If there is a single dietary change that can amplify the benefits of GLP-1 medications — semaglutide (Ozempic, Wegovy, Rybelsus) and tirzepatide (Mounjaro) — it is reducing refined flour (maida) and ultra-processed foods (UPFs).
These foods are everywhere in the Indian food environment. Pav, bun, biscuits, namkeen, instant noodles, packaged bread, mathri, kurkure, chips, cream rolls, khari biscuits, white sandwich bread, puri from maida, naan, kulcha — these are deeply embedded in daily Indian eating. And yet, for GLP-1 users, they are among the worst choices, for reasons specific to how these medications work.
Consult your healthcare provider before starting any medication.
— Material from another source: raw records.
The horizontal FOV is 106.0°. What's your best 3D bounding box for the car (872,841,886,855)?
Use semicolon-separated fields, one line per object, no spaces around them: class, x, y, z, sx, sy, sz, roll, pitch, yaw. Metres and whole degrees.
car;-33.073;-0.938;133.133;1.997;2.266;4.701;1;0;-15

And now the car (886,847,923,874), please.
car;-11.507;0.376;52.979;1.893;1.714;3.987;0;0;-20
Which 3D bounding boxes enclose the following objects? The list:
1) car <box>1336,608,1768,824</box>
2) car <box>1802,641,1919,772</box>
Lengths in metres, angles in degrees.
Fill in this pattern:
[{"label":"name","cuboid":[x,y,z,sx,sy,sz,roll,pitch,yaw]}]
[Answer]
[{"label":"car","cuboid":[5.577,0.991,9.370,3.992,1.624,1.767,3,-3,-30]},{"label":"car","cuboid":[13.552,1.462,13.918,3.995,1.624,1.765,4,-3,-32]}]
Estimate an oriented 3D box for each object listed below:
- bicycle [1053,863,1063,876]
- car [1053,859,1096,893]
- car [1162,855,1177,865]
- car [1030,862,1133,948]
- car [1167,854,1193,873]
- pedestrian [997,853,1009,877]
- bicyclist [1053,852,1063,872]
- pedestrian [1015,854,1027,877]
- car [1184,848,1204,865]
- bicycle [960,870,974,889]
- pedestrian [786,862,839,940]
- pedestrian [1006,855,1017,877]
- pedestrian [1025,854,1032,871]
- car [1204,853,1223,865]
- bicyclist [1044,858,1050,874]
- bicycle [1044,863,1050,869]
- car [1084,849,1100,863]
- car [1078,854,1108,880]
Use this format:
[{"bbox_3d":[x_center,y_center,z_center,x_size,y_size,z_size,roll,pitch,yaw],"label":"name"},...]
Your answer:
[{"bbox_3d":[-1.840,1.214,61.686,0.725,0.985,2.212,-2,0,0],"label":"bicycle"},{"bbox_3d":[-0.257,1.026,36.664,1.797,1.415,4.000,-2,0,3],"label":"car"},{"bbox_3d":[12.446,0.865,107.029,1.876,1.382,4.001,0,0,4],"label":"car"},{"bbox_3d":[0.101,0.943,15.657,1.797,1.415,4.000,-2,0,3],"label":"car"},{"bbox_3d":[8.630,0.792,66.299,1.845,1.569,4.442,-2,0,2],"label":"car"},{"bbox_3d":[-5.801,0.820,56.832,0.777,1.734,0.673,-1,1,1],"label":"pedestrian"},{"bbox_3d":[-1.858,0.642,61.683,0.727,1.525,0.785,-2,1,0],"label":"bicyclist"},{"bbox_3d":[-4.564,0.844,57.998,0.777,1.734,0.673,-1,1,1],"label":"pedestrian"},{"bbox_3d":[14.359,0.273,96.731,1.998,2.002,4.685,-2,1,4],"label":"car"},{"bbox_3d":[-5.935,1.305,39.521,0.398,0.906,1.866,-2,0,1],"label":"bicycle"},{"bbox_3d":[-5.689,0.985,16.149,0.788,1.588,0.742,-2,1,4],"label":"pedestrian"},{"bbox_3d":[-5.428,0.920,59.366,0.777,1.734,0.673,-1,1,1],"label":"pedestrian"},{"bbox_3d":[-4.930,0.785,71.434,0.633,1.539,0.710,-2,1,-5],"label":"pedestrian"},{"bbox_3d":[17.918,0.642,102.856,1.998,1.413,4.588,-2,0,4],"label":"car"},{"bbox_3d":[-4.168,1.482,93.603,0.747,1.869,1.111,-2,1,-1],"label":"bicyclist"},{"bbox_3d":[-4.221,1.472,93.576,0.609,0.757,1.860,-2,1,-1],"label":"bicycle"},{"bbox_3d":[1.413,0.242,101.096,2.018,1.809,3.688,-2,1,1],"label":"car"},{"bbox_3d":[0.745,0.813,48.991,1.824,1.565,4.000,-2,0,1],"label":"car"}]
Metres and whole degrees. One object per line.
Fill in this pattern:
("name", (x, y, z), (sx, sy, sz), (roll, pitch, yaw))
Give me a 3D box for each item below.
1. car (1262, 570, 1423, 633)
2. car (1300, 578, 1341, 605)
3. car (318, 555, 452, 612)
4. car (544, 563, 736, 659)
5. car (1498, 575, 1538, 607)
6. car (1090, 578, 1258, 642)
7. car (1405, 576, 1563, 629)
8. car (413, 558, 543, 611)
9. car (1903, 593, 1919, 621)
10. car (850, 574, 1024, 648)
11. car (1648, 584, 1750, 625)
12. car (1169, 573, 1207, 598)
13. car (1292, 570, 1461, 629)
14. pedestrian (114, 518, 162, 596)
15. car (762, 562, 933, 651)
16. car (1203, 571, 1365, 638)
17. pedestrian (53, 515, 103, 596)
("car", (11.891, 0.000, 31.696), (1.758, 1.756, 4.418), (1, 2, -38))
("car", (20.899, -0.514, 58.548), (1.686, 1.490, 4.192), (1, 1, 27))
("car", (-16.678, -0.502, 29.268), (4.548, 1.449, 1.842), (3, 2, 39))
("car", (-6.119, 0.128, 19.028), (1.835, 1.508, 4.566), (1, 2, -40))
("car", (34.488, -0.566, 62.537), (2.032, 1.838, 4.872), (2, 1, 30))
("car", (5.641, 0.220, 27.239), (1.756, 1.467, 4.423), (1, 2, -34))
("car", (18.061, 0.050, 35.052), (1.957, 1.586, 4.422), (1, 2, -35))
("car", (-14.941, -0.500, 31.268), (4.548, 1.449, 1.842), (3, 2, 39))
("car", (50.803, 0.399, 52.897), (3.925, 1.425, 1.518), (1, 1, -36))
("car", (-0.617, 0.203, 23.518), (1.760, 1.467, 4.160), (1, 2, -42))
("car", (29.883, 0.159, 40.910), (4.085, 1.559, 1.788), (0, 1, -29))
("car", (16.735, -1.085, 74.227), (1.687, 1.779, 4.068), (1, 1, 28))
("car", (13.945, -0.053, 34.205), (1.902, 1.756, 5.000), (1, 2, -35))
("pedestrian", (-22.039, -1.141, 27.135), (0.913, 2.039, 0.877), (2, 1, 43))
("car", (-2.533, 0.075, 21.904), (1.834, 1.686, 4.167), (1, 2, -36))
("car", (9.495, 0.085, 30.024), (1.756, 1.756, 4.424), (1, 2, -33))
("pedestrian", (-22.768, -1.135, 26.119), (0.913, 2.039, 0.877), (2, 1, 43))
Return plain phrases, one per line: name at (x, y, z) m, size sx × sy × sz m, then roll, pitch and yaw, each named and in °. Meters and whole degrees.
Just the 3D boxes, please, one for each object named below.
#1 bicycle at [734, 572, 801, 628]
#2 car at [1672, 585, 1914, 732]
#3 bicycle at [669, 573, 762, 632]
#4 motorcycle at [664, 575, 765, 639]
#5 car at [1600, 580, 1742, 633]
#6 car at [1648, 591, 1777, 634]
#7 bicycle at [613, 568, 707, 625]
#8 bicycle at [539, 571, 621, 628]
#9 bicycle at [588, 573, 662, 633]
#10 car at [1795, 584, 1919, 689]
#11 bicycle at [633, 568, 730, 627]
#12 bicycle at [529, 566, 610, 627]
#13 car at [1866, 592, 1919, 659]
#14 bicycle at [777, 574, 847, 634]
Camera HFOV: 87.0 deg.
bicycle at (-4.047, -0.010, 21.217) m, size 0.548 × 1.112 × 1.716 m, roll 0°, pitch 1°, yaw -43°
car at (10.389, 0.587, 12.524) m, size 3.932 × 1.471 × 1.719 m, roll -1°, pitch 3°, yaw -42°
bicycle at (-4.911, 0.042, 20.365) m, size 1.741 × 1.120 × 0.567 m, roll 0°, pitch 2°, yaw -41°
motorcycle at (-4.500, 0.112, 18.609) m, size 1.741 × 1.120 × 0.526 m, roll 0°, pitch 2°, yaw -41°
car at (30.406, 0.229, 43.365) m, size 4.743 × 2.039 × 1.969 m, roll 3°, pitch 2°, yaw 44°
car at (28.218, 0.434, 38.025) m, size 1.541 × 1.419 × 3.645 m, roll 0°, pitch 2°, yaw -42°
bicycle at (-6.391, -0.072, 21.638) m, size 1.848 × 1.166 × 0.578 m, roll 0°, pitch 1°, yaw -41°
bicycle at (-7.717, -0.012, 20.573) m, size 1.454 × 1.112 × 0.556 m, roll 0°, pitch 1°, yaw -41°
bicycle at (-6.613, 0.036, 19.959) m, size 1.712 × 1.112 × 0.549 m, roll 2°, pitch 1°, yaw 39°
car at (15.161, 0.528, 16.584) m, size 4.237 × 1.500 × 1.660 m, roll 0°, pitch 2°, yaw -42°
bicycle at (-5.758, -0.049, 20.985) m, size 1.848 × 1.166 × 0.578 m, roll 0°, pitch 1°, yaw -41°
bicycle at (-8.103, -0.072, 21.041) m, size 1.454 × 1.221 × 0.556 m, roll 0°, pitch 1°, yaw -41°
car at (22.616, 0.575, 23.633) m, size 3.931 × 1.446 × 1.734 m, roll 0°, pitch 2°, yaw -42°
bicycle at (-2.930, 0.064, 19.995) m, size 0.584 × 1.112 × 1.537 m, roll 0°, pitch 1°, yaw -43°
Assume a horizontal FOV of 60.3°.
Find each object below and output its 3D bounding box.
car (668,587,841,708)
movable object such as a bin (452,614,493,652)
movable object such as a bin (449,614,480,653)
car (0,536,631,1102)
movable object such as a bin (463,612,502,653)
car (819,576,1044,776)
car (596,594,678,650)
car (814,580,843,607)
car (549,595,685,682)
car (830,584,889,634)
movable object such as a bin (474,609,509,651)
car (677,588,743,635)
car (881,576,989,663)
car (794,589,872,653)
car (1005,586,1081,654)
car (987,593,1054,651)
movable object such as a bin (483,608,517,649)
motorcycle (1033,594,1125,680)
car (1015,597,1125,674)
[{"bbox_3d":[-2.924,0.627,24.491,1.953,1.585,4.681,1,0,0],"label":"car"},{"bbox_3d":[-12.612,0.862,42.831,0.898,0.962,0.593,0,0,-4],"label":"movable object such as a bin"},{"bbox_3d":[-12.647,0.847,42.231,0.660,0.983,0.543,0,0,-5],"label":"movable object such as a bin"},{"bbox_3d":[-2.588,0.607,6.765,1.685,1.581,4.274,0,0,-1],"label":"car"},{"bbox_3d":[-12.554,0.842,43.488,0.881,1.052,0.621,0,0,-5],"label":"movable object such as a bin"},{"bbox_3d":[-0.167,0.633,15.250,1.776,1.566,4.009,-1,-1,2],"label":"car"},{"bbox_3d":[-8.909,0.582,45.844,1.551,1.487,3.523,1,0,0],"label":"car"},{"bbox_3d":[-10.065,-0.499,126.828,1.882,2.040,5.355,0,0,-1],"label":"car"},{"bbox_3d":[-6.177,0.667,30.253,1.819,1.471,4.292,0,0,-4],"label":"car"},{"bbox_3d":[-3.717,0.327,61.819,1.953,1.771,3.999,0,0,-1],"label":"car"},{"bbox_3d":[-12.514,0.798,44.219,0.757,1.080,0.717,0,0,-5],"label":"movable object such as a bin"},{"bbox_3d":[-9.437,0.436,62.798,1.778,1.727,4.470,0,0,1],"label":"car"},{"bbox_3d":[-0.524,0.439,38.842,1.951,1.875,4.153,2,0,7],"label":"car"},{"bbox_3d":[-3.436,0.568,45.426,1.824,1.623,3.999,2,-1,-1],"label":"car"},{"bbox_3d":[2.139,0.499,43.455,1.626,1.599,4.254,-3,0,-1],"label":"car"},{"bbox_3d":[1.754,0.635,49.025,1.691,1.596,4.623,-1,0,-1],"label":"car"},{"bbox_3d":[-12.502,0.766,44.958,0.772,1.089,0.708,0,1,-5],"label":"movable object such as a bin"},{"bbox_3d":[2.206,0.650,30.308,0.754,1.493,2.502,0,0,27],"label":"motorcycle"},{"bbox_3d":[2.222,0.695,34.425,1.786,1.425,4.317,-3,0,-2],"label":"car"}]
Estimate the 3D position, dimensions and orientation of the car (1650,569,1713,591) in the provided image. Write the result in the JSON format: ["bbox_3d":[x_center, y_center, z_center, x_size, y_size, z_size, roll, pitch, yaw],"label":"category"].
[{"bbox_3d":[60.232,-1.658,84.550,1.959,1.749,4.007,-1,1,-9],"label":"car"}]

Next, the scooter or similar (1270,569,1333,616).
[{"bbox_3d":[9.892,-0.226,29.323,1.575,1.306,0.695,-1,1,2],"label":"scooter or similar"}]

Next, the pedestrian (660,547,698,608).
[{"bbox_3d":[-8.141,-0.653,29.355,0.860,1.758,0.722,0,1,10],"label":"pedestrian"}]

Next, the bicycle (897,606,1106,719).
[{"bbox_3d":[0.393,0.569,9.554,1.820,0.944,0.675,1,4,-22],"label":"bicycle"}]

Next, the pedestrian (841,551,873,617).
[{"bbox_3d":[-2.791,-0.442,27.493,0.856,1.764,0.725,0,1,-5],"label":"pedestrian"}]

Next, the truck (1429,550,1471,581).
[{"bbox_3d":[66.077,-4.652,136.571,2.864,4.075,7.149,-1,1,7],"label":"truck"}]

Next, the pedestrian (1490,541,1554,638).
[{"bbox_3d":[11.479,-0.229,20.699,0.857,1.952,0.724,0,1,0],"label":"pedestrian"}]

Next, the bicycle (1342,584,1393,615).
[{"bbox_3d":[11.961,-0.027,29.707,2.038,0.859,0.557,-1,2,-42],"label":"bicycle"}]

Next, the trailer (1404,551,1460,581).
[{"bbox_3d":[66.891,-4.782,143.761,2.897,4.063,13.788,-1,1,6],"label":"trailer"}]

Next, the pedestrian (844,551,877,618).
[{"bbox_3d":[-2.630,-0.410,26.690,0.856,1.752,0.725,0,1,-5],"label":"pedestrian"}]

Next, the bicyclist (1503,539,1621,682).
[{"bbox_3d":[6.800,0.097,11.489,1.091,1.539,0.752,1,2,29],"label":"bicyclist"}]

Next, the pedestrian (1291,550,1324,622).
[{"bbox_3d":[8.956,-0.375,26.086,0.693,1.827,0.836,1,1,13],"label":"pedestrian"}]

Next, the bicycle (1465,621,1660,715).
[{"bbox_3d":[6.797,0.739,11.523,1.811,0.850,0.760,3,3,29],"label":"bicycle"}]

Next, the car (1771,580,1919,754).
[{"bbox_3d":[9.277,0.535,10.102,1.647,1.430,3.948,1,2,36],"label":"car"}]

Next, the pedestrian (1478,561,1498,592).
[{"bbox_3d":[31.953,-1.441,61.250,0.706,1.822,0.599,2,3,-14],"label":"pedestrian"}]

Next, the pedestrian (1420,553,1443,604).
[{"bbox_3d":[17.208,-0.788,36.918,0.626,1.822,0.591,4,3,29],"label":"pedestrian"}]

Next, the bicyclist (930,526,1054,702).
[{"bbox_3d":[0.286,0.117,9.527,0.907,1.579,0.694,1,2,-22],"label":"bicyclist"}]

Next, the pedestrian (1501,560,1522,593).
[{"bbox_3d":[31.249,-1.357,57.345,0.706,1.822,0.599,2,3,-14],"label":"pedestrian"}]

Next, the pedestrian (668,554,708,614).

Dietary changes should support, not replace, your prescribed medical treatment.
Maida (refined wheat flour, also called all-purpose flour) is produced by removing the bran and germ from wheat — stripping away most of the fibre, vitamins, and minerals. What remains is almost pure starch.
Glycaemic Index (GI) of maida-based foods:
| Food | GI | Notes |
|---|---|---|
| White bread (maida) | 71–75 | Very high — comparable to glucose |
| Plain naan/kulcha (maida) | 70–74 | Rapid glucose spike |
| Puri (maida, fried) | 65–70 | High GI + high fat |
| Marie biscuit | 69 | Often underestimated |
| Cream cracker | 65 | Commonly thought to be "healthy" |
| Whole wheat chapati | 52–62 | Significantly lower |
| Multigrain chapati | 40–52 | Better choice |
| Bajra roti | 43–53 | Lower GI, traditional food |
On GLP-1 medications, gastric emptying is slowed. High-GI foods like maida cause rapid glucose absorption followed by a steep drop — worsening hypoglycaemic symptoms in patients on sulphonylureas and contributing to the "hunger crash" that leads to overeating.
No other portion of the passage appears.